The discussion revolves around the conservation of angular momentum in a classical particle within a three-dimensional box, contrasting it with a spherical potential well. Participants are exploring the conditions under which angular momentum may or may not be conserved based on the geometry of the potential well and the forces acting on the particle.
Some participants have provided insights into the relationship between the forces acting on the particle and angular momentum conservation, suggesting that the nature of the forces (central vs. non-central) plays a crucial role.
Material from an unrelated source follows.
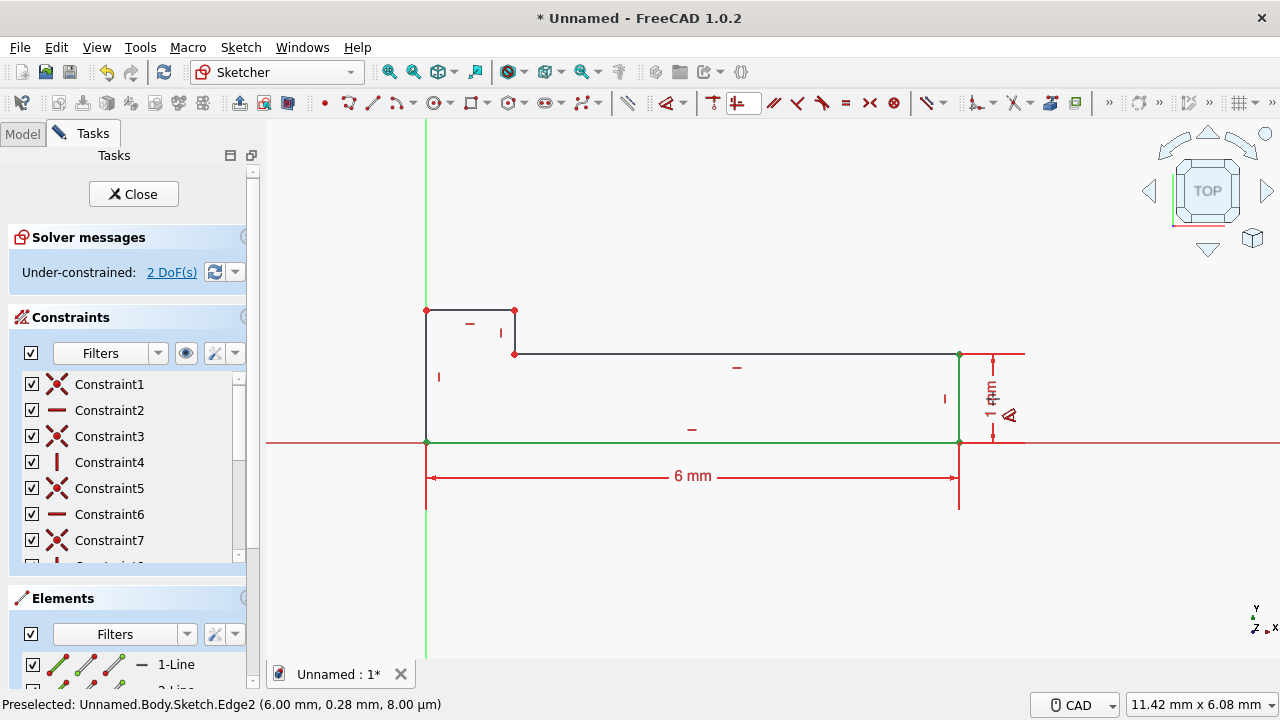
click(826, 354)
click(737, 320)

There is an ongoing exploration of the implications of these forces on the system's overall angular momentum.
There is a mention of the potential well's definition and the conditions under which the particle's angular momentum is considered conserved or not, depending on its interaction with the box's walls. The discussion also touches on the Schrödinger equation and its implications for energy and angular momentum states.
Mjolnir said:This is more of a conceptual question. I'm looking for a "physical argument" as to why the angular momentum of a classical particle about the center of a 3d box wouldn't be conserved, as opposed to spherical well in which orbital angular momentum is a constant.
Mjolnir said:by a 3d box I mean a potential well such that V(x,y,z) = 0 for -a/2 < x < a/2, -b/2 < y < b/2, and -c/2 < z < c/2; or V -> infinity otherwise
edit: glad you like the screen name :-)
Mjolnir said:To expand on this a bit, how would one go about using the time-independent Schrödinger equation to prove that there are no states with both definite energy and definite orbital angular momentum magnitude?